EXERCISE INPUTS -
-- Opening Marker --
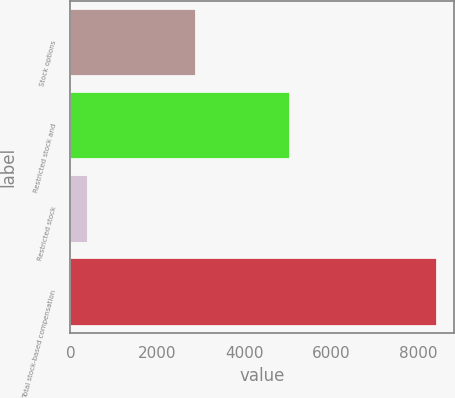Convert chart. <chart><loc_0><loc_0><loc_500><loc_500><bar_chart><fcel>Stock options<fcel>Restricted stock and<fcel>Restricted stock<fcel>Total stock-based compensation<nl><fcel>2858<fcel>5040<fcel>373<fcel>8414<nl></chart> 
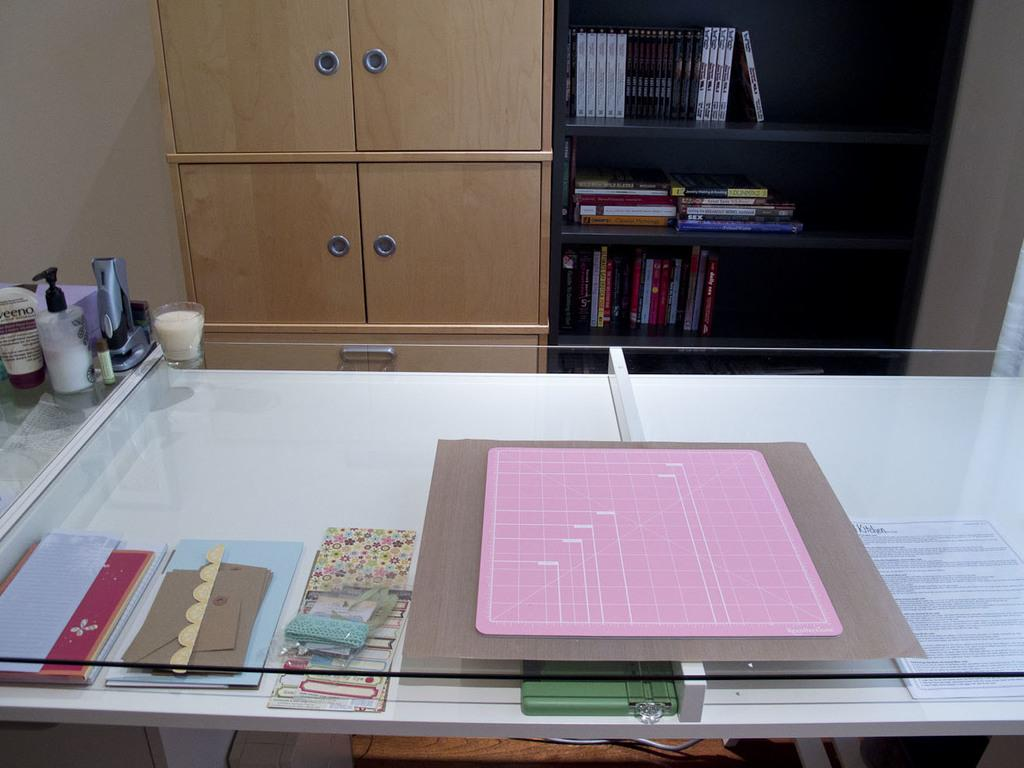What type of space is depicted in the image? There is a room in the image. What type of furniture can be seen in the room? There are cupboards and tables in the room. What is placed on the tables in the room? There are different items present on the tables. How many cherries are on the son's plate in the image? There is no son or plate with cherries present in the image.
-- Closing Marker --
-- Opening Marker --
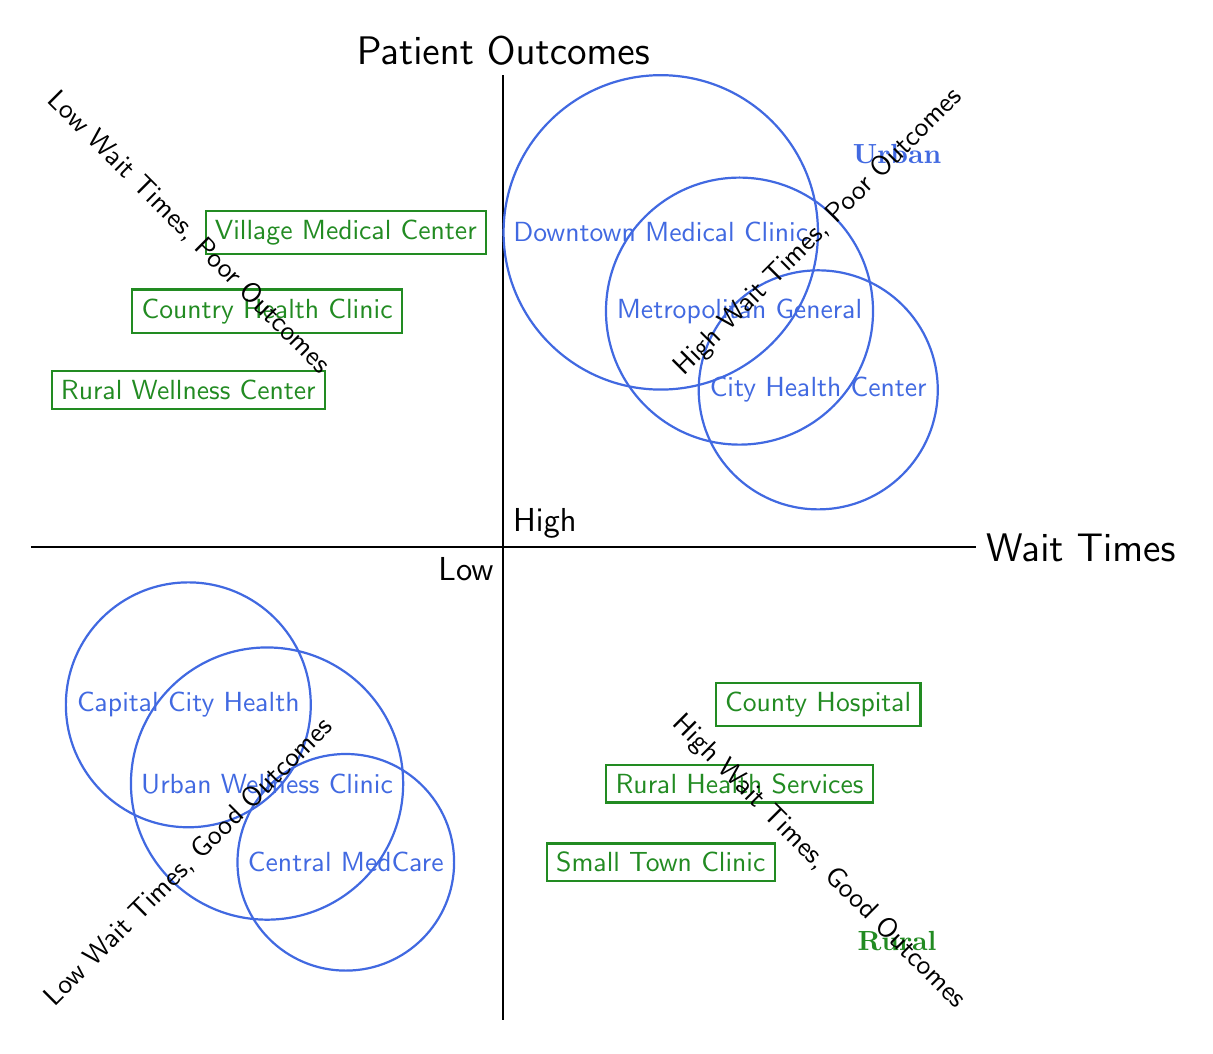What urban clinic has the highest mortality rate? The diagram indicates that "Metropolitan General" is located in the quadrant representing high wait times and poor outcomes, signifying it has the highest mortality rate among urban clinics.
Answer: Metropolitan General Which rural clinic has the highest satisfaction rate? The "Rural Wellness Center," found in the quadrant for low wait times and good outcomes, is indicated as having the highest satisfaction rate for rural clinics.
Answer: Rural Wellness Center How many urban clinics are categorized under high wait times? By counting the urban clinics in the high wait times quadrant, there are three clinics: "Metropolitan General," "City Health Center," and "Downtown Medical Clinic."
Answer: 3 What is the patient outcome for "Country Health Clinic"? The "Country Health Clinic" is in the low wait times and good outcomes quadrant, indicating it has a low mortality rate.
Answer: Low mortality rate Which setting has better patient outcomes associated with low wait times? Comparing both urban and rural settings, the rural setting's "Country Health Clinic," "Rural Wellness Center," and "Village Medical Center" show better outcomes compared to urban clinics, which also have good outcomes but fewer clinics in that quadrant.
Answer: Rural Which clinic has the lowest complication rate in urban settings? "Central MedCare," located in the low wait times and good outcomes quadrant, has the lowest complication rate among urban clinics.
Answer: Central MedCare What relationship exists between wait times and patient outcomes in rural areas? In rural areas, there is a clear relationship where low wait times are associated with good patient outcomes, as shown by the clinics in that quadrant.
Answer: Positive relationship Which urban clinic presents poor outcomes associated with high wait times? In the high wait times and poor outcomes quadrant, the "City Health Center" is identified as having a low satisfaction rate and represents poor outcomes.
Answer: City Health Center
-- Closing Marker --
-- Opening Marker --
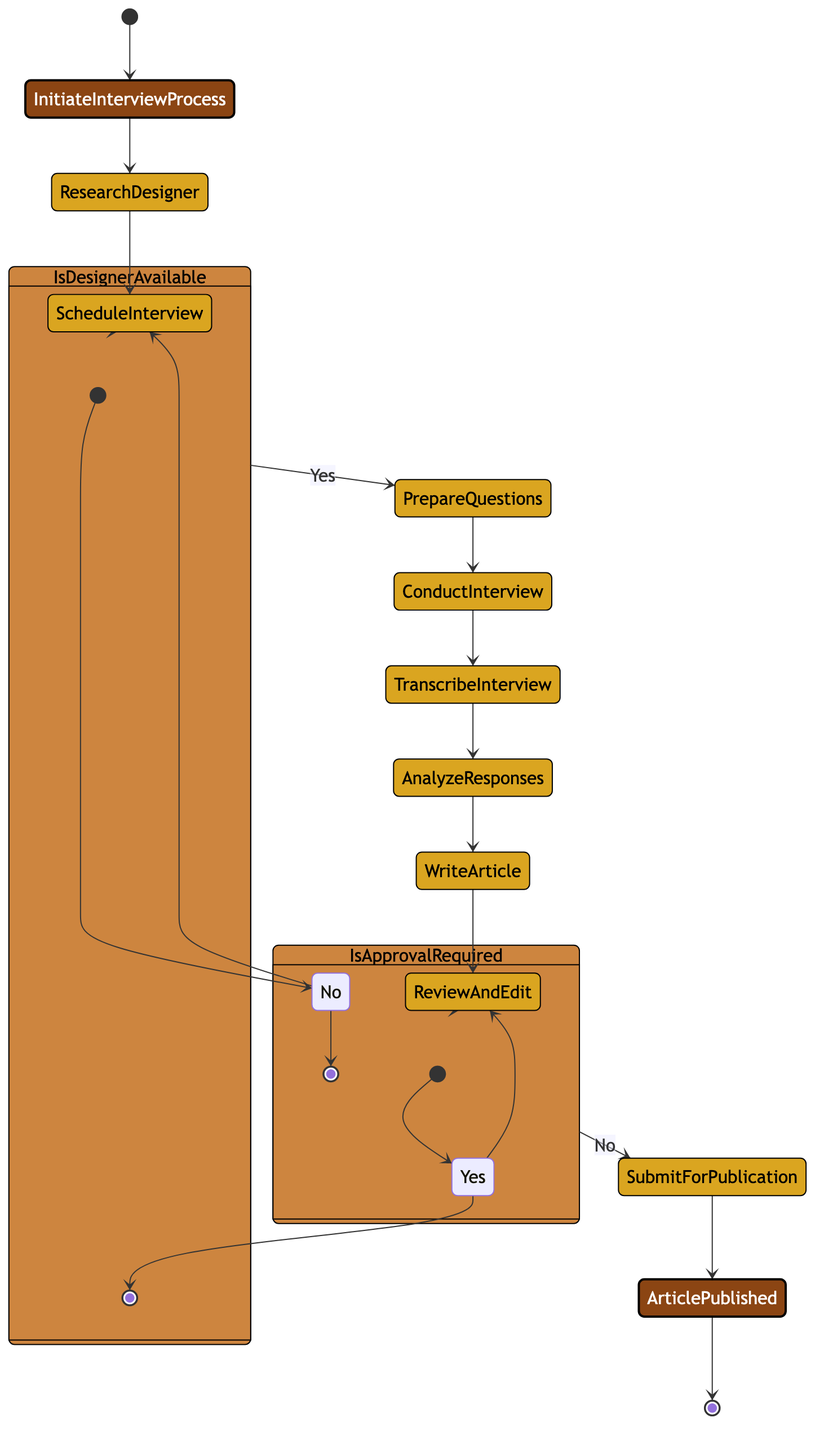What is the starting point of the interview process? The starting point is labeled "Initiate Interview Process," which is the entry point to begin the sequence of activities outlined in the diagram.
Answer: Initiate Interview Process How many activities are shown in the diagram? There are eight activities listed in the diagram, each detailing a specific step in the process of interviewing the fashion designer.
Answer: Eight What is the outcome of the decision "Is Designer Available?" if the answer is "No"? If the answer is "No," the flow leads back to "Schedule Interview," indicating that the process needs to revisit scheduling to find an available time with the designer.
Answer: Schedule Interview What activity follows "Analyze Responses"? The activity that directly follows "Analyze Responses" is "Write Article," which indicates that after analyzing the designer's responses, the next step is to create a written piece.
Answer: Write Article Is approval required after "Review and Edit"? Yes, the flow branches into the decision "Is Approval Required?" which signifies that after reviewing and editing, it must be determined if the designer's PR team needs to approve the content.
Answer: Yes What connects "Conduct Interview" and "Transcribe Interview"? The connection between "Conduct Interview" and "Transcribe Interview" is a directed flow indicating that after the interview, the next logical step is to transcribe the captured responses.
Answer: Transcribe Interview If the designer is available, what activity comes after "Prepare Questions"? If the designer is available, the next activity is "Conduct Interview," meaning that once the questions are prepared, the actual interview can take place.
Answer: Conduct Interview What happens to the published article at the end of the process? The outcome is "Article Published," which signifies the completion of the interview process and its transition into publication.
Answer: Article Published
-- Closing Marker --
EXERCISE - In the listing above, find the line containing "What urban clinic" and the line containing "Answer: 3 What". Print those two lines and every line between them exactly, with no pictures.

SOLUTION FOR THIS PROBLEM -
What urban clinic has the highest mortality rate? The diagram indicates that "Metropolitan General" is located in the quadrant representing high wait times and poor outcomes, signifying it has the highest mortality rate among urban clinics.
Answer: Metropolitan General Which rural clinic has the highest satisfaction rate? The "Rural Wellness Center," found in the quadrant for low wait times and good outcomes, is indicated as having the highest satisfaction rate for rural clinics.
Answer: Rural Wellness Center How many urban clinics are categorized under high wait times? By counting the urban clinics in the high wait times quadrant, there are three clinics: "Metropolitan General," "City Health Center," and "Downtown Medical Clinic."
Answer: 3 What is the patient outcome for "Country Health Clinic"? The "Country Health Clinic" is in the low wait times and good outcomes quadrant, indicating it has a low mortality rate.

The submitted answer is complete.